Answer by Theo(13342) About Me  (Show Source):
You can put this solution on YOUR website!
before you can determine the probabilities, you have to analyze all the possible outcomes.

you have 36 possible outcomes, because 6 * 6 = 36.

the probability of getting a 2 is 1+1 = 1/36

the probability of getting a 3 is 1+2 or 2+1 = 2/36

the probability of getting a 4 is 1+3 or 2+2 or 3+1 = 3/36

the probability of getting a 5 is 1+4 or 2+3 or 3+2 or 4+1 = 4/36

the probability of getting a 6 is 1+5 or 2+4 or 3+3 or 4+2 or 5+1 = 5/36

the probability of getting a 7 is 1+6 or 2+5 or 3+4 or 4+3 or 5+2 or 6+1 = 6/36

the probability of getting an 8 is 2+6 or 3+5 or 4+4 or 5+3 or 6+2 = 5/36

the probability of getting a 9 is 3+6 or 4+5 or 5+4 or 6+3 = 4/36

the probability of getting a 10 is 4+6 or 5+5 or 6+4 =3/36

the probability of getting an 11 is 5+6 or 6+5 = 2/36

the probability of getting a 12 is 6+6 = 1/36.

add up the total probabilities and you get (1+2+3+4+5+6+5+4+3+2+1)/36 = 36/36.

that's equivalent to 1, as it should be since the sum of all probabilities has to be equal to 1.

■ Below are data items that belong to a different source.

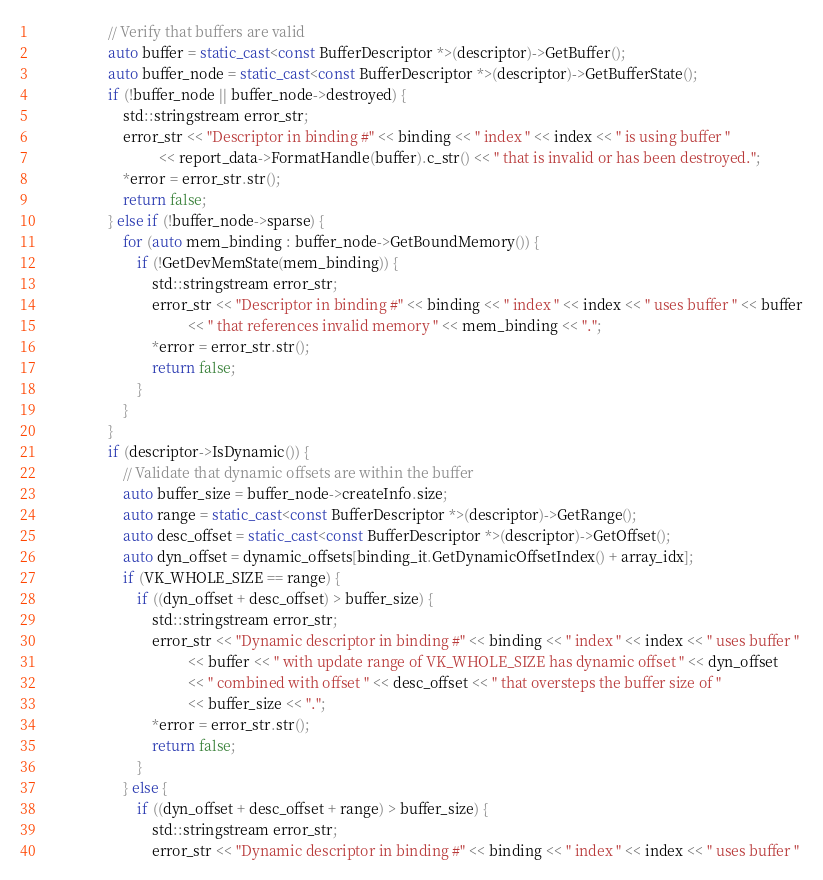Convert code to text. <code><loc_0><loc_0><loc_500><loc_500><_C++_>                    // Verify that buffers are valid
                    auto buffer = static_cast<const BufferDescriptor *>(descriptor)->GetBuffer();
                    auto buffer_node = static_cast<const BufferDescriptor *>(descriptor)->GetBufferState();
                    if (!buffer_node || buffer_node->destroyed) {
                        std::stringstream error_str;
                        error_str << "Descriptor in binding #" << binding << " index " << index << " is using buffer "
                                  << report_data->FormatHandle(buffer).c_str() << " that is invalid or has been destroyed.";
                        *error = error_str.str();
                        return false;
                    } else if (!buffer_node->sparse) {
                        for (auto mem_binding : buffer_node->GetBoundMemory()) {
                            if (!GetDevMemState(mem_binding)) {
                                std::stringstream error_str;
                                error_str << "Descriptor in binding #" << binding << " index " << index << " uses buffer " << buffer
                                          << " that references invalid memory " << mem_binding << ".";
                                *error = error_str.str();
                                return false;
                            }
                        }
                    }
                    if (descriptor->IsDynamic()) {
                        // Validate that dynamic offsets are within the buffer
                        auto buffer_size = buffer_node->createInfo.size;
                        auto range = static_cast<const BufferDescriptor *>(descriptor)->GetRange();
                        auto desc_offset = static_cast<const BufferDescriptor *>(descriptor)->GetOffset();
                        auto dyn_offset = dynamic_offsets[binding_it.GetDynamicOffsetIndex() + array_idx];
                        if (VK_WHOLE_SIZE == range) {
                            if ((dyn_offset + desc_offset) > buffer_size) {
                                std::stringstream error_str;
                                error_str << "Dynamic descriptor in binding #" << binding << " index " << index << " uses buffer "
                                          << buffer << " with update range of VK_WHOLE_SIZE has dynamic offset " << dyn_offset
                                          << " combined with offset " << desc_offset << " that oversteps the buffer size of "
                                          << buffer_size << ".";
                                *error = error_str.str();
                                return false;
                            }
                        } else {
                            if ((dyn_offset + desc_offset + range) > buffer_size) {
                                std::stringstream error_str;
                                error_str << "Dynamic descriptor in binding #" << binding << " index " << index << " uses buffer "</code>

now that you know what the probabilities are, you can figure out the solution to the problem.

the problem says:

Compute the probability of each of the following events:

event A: the sum is greater than 6.

the probability that the sum is greater than 6 is equal to the probability that the sum is 7 or 8 or 9 or 10 or 11 or 12.
this is equal to (6 + 5 + 4 + 3 + 2 + 1) / 36 = 21/36.

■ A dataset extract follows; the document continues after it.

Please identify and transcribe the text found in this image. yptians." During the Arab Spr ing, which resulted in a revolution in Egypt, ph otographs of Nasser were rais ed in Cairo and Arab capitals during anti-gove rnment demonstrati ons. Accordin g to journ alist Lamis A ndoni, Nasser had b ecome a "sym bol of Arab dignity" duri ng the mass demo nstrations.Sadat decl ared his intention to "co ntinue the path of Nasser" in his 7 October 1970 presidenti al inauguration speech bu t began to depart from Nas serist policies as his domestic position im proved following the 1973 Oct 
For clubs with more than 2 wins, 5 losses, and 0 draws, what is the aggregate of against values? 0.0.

if this is correct, then the probability that the sum is less than or equal to 6 must be equal to 36/36 - 21/36 = 15/36.

the probability that the sum is less than or equal to 6 is equal to (1 + 2 + 3 + 4 + 5) / 36 = 15/36, so it checks out ok.




Event B : the sum is not divisible by 3 and not divisible by 6.

if the number is divisible by 6, then it is also divisible by 3, so all you need to do is find the numbers that are divisible by 3.
the possible numbers are 2,3,4,5,6,7,8,9,10,11,12
of these numbers, take out the numbers that are divisible by 3 to get:
2,4,5,7,8,10,11.
the sum of the probabilities of rolling these numbers would be:
(1 + 3 + 4 + 6 + 5 + 3 + 2) / 36 = 24/36.

if this is correct, then the probability of the number being divisible by 3 or 6 would have to be 36/36 - 24/36 = 12/36.

that would be the probability of getting a 3 or 6 or 9 or 12.

the probability of that is (2 + 5 + 4 + 1) / 36 = 12/36, so it checks out ok.